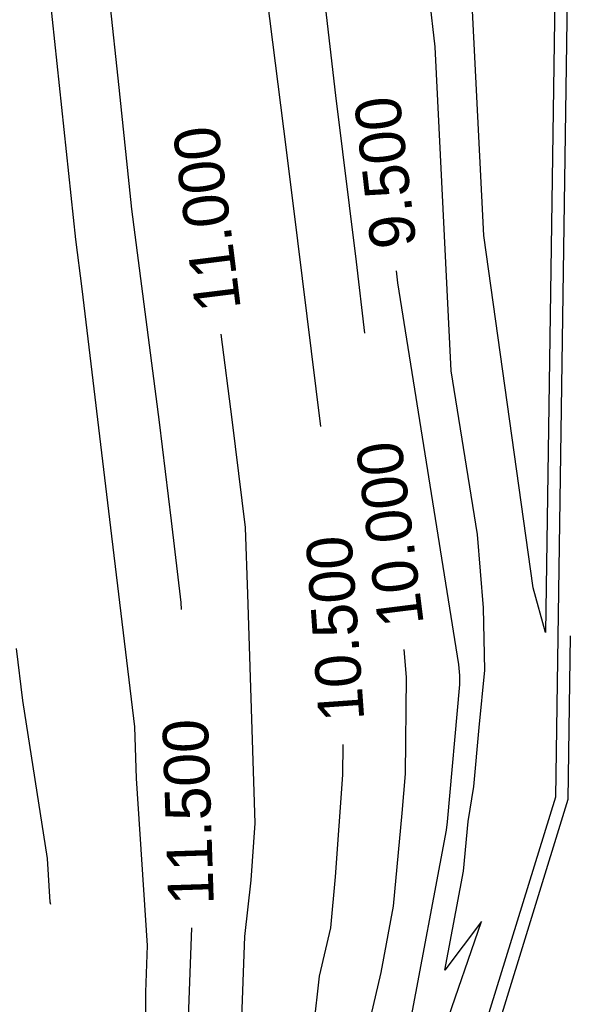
# Model space of a CAD drawing. Extents: x 158343 to 162498, y 431347 to 434500.
# Tile 226 of 248: x 159711 to 159733, y 434023 to 434062. Entities that reach past the tile are written whole.
import ezdxf

# ---------------------------------------------------------------- set-up
doc = ezdxf.new("R2010")
doc.units = 0
doc.header["$LTSCALE"] = 10
doc.header["$MEASUREMENT"] = 0
doc.layers.add('000_arcering', color=8, linetype='CONTINUOUS')
doc.layers.add('def. con-hoogtelijn (index)', color=8, linetype='CONTINUOUS')
doc.styles.add('Style-WORKING', font='WORKING.shx')

# ---------------------------------------------------------------- blocks, each defined once
blk = doc.blocks.new('bestaande hoogtelijnen')
at = {"layer": 'def. con-hoogtelijn (index)'}
for p, q in [((64.56, 12.426), (63.953, -28.468)), ((64.56, 12.426), (63.953, -28.468)), ((47.093, -6.924), (45.736, 5.544)), ((47.093, -6.924), (45.736, 5.544)), ((61.508, -12.77), (60.747, 2.482)), ((61.508, -12.77), (60.747, 2.482)), ((53.712, -9.393), (52.656, -1.12)), ((53.712, -9.393), (52.656, -1.12)), ((45.375, -12.934), (44.149, -1.265)), ((45.375, -12.934), (44.149, -1.265)), ((45.375, -12.934), (44.149, -1.265)), ((64.833, -1.558), (64.346, -34.978)), ((64.833, -1.558), (64.346, -34.978)), ((64.833, -1.558), (64.346, -34.978)), ((55.659, -7.239), (55.151, -2.763)), ((55.659, -7.239), (55.151, -2.763)), ((55.659, -7.239), (55.151, -2.763)), ((59.587, -5.313), (59.34, -3.137)), ((59.587, -5.313), (59.34, -3.137)), ((59.587, -5.313), (59.34, -3.137)), ((60.227, -18.125), (59.587, -5.313)), ((60.227, -18.125), (59.587, -5.313)), ((60.227, -18.125), (59.587, -5.313)), ((47.598, -11.729), (47.093, -6.924)), ((47.598, -11.729), (47.093, -6.924)), ((56.475, -13.812), (55.659, -7.239)), ((56.475, -13.812), (55.659, -7.239)), ((56.475, -13.812), (55.659, -7.239)), ((54.157, -12.978), (53.712, -9.393)), ((54.157, -12.978), (53.712, -9.393)), ((48.69, -20.154), (47.598, -11.729)), ((48.69, -20.154), (47.598, -11.729)), ((63.458, -26.702), (61.508, -12.77)), ((63.458, -26.702), (61.508, -12.77)), ((45.626, -14.878), (45.375, -12.934)), ((45.626, -14.878), (45.375, -12.934)), ((45.626, -14.878), (45.375, -12.934)), ((55.061, -20.323), (54.157, -12.978)), ((55.061, -20.323), (54.157, -12.978)), ((56.81, -16.633), (56.475, -13.812)), ((56.81, -16.633), (56.475, -13.812)), ((56.81, -16.633), (56.475, -13.812)), ((58.112, -14.639), (58.057, -14.174)), ((58.112, -14.639), (58.057, -14.174)), ((60.524, -29.737), (58.112, -14.639)), ((60.524, -29.737), (58.112, -14.639)), ((46.767, -24.336), (45.626, -14.878)), ((46.767, -24.336), (45.626, -14.878)), ((46.767, -24.336), (45.626, -14.878)), ((51.565, -20.053), (51.126, -16.671)), ((51.565, -20.053), (51.126, -16.671)), ((51.565, -20.053), (51.126, -16.671)), ((61.26, -24.595), (60.227, -18.125)), ((61.26, -24.595), (60.227, -18.125)), ((61.26, -24.595), (60.227, -18.125)), ((49.159, -24.048), (48.69, -20.154)), ((49.159, -24.048), (48.69, -20.154)), ((52.089, -24.312), (51.565, -20.053)), ((52.089, -24.312), (51.565, -20.053)), ((52.089, -24.312), (51.565, -20.053)), ((49.546, -27.286), (49.159, -24.048)), ((49.546, -27.286), (49.159, -24.048)), ((47.707, -32.199), (46.767, -24.336)), ((47.707, -32.199), (46.767, -24.336)), ((47.707, -32.199), (46.767, -24.336)), ((52.176, -26.954), (52.089, -24.312)), ((52.176, -26.954), (52.089, -24.312)), ((52.176, -26.954), (52.089, -24.312)), ((61.506, -27.494), (61.26, -24.595)), ((61.506, -27.494), (61.26, -24.595)), ((61.506, -27.494), (61.26, -24.595)), ((63.953, -28.468), (63.458, -26.702)), ((63.953, -28.468), (63.458, -26.702)), ((52.473, -36.009), (52.176, -26.954)), ((52.473, -36.009), (52.176, -26.954)), ((52.473, -36.009), (52.176, -26.954)), ((49.555, -27.557), (49.546, -27.286)), ((49.555, -27.557), (49.546, -27.286)), ((61.547, -29.954), (61.506, -27.494)), ((61.547, -29.954), (61.506, -27.494)), ((61.547, -29.954), (61.506, -27.494)), ((64.932, -28.599), (64.838, -35.067)), ((64.932, -28.599), (64.838, -35.067)), ((43.282, -31.151), (43.036, -29.096)), ((43.282, -31.151), (43.036, -29.096)), ((58.456, -30.238), (58.359, -29.138)), ((58.456, -30.238), (58.359, -29.138)), ((58.456, -30.238), (58.359, -29.138)), ((60.562, -30.175), (60.524, -29.737)), ((60.562, -30.175), (60.524, -29.737)), ((61.326, -32.227), (61.547, -29.954)), ((61.326, -32.227), (61.547, -29.954)), ((61.326, -32.227), (61.547, -29.954)), ((58.42, -34.059), (58.456, -30.238)), ((58.42, -34.059), (58.456, -30.238)), ((58.42, -34.059), (58.456, -30.238)), ((60.559, -30.523), (60.562, -30.175)), ((60.559, -30.523), (60.562, -30.175)), ((60.07, -35.952), (60.559, -30.523)), ((60.07, -35.952), (60.559, -30.523)), ((44.257, -37.399), (43.282, -31.151)), ((44.257, -37.399), (43.282, -31.151)), ((47.774, -34.236), (47.707, -32.199)), ((47.774, -34.236), (47.707, -32.199)), ((47.774, -34.236), (47.707, -32.199)), ((61.116, -34.554), (61.326, -32.227)), ((61.116, -34.554), (61.326, -32.227)), ((61.116, -34.554), (61.326, -32.227)), ((55.942, -34.09), (55.954, -32.892)), ((55.942, -34.09), (55.954, -32.892)), ((48.21, -40.843), (47.774, -34.236)), ((48.21, -40.843), (47.774, -34.236)), ((48.21, -40.843), (47.774, -34.236)), ((55.651, -38.135), (55.942, -34.09)), ((55.651, -38.135), (55.942, -34.09)), ((58.28, -35.61), (58.42, -34.059)), ((58.28, -35.61), (58.42, -34.059)), ((58.28, -35.61), (58.42, -34.059)), ((60.894, -35.939), (61.116, -34.554)), ((60.894, -35.939), (61.116, -34.554)), ((60.894, -35.939), (61.116, -34.554)), ((64.346, -34.978), (61.428, -44.42)), ((64.346, -34.978), (61.428, -44.42)), ((64.346, -34.978), (61.428, -44.42)), ((64.838, -35.067), (58.08, -56.932)), ((64.838, -35.067), (58.08, -56.932)), ((57.947, -39.292), (58.28, -35.61)), ((57.947, -39.292), (58.28, -35.61)), ((57.947, -39.292), (58.28, -35.61)), ((52.311, -38.256), (52.473, -36.009)), ((52.311, -38.256), (52.473, -36.009)), ((52.311, -38.256), (52.473, -36.009)), ((60.04, -36.287), (60.07, -35.952)), ((60.04, -36.287), (60.07, -35.952)), ((60.711, -37.9), (60.894, -35.939)), ((60.711, -37.9), (60.894, -35.939)), ((60.711, -37.9), (60.894, -35.939)), ((58.315, -45.444), (60.04, -36.287)), ((58.315, -45.444), (60.04, -36.287)), ((44.371, -39.127), (44.257, -37.399)), ((44.371, -39.127), (44.257, -37.399)), ((55.469, -40.144), (55.651, -38.135)), ((55.469, -40.144), (55.651, -38.135)), ((59.972, -41.824), (60.711, -37.9)), ((59.972, -41.824), (60.711, -37.9)), ((59.972, -41.824), (60.711, -37.9)), ((52.058, -40.486), (52.311, -38.256)), ((52.058, -40.486), (52.311, -38.256)), ((52.058, -40.486), (52.311, -38.256)), ((44.386, -39.223), (44.371, -39.127)), ((44.386, -39.223), (44.371, -39.127)), ((57.454, -41.909), (57.947, -39.292)), ((57.454, -41.909), (57.947, -39.292)), ((57.454, -41.909), (57.947, -39.292)), ((58.661, -47.88), (61.421, -39.895)), ((58.661, -47.88), (61.421, -39.895)), ((58.661, -47.88), (61.421, -39.895)), ((61.421, -39.895), (59.972, -41.824)), ((61.421, -39.895), (59.972, -41.824)), ((61.421, -39.895), (59.972, -41.824)), ((49.727, -46.824), (49.968, -40.15)), ((49.727, -46.824), (49.968, -40.15)), ((55.016, -42.058), (55.469, -40.144)), ((55.016, -42.058), (55.469, -40.144)), ((48.143, -42.687), (48.21, -40.843)), ((48.143, -42.687), (48.21, -40.843)), ((48.143, -42.687), (48.21, -40.843)), ((51.762, -48.681), (52.058, -40.486)), ((51.762, -48.681), (52.058, -40.486)), ((51.762, -48.681), (52.058, -40.486)), ((56.622, -45.418), (57.454, -41.909)), ((56.622, -45.418), (57.454, -41.909)), ((56.622, -45.418), (57.454, -41.909)), ((54.559, -46.073), (55.016, -42.058)), ((54.559, -46.073), (55.016, -42.058)), ((48.177, -48.858), (48.143, -42.687)), ((48.177, -48.858), (48.143, -42.687)), ((48.177, -48.858), (48.143, -42.687))]:
    blk.add_line(p, q, dxfattribs=at)
at = {"layer": 'def. con-hoogtelijn (index)', "style": 'Style-WORKING'}
for s, rotation, p in [('9.500', 96.5125, (58.849, -13.178)), ('9.500', 96.5125, (58.849, -13.178)), ('11.000', 97.0959, (51.908, -15.667)), ('11.000', 97.0959, (51.908, -15.667)), ('11.000', 97.0959, (51.908, -15.667)), ('10.000', 97.0589, (59.141, -28.134)), ('10.000', 97.0589, (59.141, -28.134)), ('10.000', 97.0589, (59.141, -28.134)), ('10.500', 94.0635, (56.788, -31.93)), ('10.500', 94.0635, (56.788, -31.93)), ('11.500', 91.8774, (50.838, -39.221)), ('11.500', 91.8774, (50.838, -39.221))]:
    blk.add_text(s, height=1.8, rotation=rotation, dxfattribs=at).set_placement(p)

msp = doc.modelspace()

# ---------------------------------------------------------------- block references
at = {"layer": '000_arcering'}
msp.add_blockref('bestaande hoogtelijnen', (159667.804, 434066.432), dxfattribs=at)

doc.saveas('drawing.dxf')

• Task to carry out
In the entries above, some lines hold the string "CONTINUOUS". Copy each of them.

• Finished task
doc.layers.add('000_arcering', color=8, linetype='CONTINUOUS')
doc.layers.add('def. con-hoogtelijn (index)', color=8, linetype='CONTINUOUS')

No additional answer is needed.